No! Poe, Tennyson, that sort of thing!

The title Hair Jewellery refers to a poem by blog favourite John Donne. The Relic talks of a “bracelet of bright hair about the bone”, like the memento mori Atwood’s protagonist finds in a travelling exhibition in a library. The story might be read as a warning not to moon over “febrile young men who sprawl on the carpets . . . .”

Well, I may be a fan of The Smiths, but I’m no Frederick Usher (said he, alluding in a literary way to Romanticism). Oh, no. Relentless positivity is the refrain of this stroke survivor. Nevertheless, the story must have left some mark, because the day after we discussed it in class, like Lord Ronald in Gertrude the Governesswhich is worth reading in its short and hilarious entirety — I flung myself from my room, flung myself upon my horse and rode madly off in all directions. Mostly towards Calton Hill.

The painting of Calton Hill at… school?

Calton Hill has become a favourite of the blog since Longsufferinggirlfriendoftheblogbeth and I moved to Edinburgh. We did a walking tour of the area in July 2013,  and attended the Rally For Independence there in September 2013. This time, I went up the hill to Hoover up fragments for one of the projects Nerd Bait has bubbling under. Suffice to say,  a bit of Romanticism would fit the bill very nicely.

Calton Hill is just jumping with poetic imagery. One of the routes to the Calton Hill park from The Old Town leads up a narrow, stone, tree-lined set of stairs.

Not the Tim Robbins kind

Then of course, there’s The Folly that is the National Monument, conceived as “Scotland’s Valhalla” but never finished. But the focus of my trip was the Nelson Monument. Which isn’t so much a Folly, as a Batshit Crazy.

The monument to Nelson in London is a column. Very Victorian. Very thrusting. Very Imperial. Though, rather brilliantly, it’s not the oldest Nelson’s Column in the world. That honour goes to the memorial to the victor of the decisive battle of the Napoleonic Wars that stands in Froncophone Montreal. Quoth Wiki:

Neither the French Revolution nor Napoleon had been popular among the French in Montreal, and contrary to later belief, the public funds raised for the monument were collected from British and French Montrealers alike.
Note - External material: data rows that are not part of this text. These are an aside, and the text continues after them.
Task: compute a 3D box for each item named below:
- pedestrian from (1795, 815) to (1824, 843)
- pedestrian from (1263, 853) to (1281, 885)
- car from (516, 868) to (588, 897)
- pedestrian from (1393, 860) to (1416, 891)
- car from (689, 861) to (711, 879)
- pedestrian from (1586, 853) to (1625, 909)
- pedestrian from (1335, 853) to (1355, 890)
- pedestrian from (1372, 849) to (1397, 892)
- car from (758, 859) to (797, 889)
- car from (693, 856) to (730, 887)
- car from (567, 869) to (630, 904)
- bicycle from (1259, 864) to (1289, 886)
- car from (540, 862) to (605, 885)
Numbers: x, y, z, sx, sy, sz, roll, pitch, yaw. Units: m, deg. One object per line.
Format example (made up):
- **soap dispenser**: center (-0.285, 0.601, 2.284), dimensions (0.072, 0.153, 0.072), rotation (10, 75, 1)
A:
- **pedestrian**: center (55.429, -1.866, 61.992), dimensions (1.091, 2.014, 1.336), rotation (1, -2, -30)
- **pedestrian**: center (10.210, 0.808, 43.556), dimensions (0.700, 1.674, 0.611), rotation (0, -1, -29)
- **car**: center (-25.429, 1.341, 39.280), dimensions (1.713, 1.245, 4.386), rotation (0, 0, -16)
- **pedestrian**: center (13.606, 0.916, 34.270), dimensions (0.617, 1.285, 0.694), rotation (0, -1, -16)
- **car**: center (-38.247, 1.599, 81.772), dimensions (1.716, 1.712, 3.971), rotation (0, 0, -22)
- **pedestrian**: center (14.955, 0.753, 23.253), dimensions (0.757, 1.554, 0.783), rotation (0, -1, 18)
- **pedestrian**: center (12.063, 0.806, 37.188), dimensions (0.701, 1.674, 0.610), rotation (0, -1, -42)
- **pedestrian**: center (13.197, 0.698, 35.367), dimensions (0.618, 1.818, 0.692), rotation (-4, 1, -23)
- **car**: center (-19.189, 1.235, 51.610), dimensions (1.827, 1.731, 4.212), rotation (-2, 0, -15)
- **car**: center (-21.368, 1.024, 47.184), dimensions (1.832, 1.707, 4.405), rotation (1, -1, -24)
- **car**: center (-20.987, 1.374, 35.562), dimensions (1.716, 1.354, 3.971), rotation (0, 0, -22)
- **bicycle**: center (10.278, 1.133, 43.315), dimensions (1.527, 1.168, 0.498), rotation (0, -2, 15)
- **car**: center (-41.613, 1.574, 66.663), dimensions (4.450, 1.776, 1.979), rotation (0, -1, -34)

Typical ex-pats, I guess. Pro-royalty, dishes of the old country, and all that. I watched most of a series of Eastenders during my first year in Philly. Even though, as Charlie Brooker points out, EastEnders isn’t set in London, or even Britain, or even the world – it’s situated in an absurd alternate universe overseen by a malicious, tinkering God with an hilarious sense of timing.

Oh. You mean John Knox’s Edinburgh?

The foundation stone for the Nelson Monument in Edinburgh was laid even before the one for the column in Montreal. Nothing so phallic in Edinburgh, though. Oh no. What we have — I shit you not — is a towering upturned telescope. It peers deep into Edinburgh’s heart, and decides that the best message to broadcast by naval signal flags on Horatio’s birthday each year is not You’ll have had your tea, then but

ENGLAND EXPECTS EVERY MAN TO DO HIS DUTY

Which is fair enough, when you look at Edinburgh in the distribution of #indyref votes. And the tower itself is just brilliant. Its 143 stairs lead anticlockwise up a whitewashed spiral that, just a few steps up in the frame of a recessed window, relays the message, Almost there. How brilliantly Edinburgh! Up towards the top, another message in neat black paint exhorted your blogger to Keep going on!

And I did. All the way to the thin door in time-travelling blue that, if two strangers push and pull together, can be opened out onto a spectacular view over the National Monument and the Kingdom of Fife.

143 steps?! Sheer Folly!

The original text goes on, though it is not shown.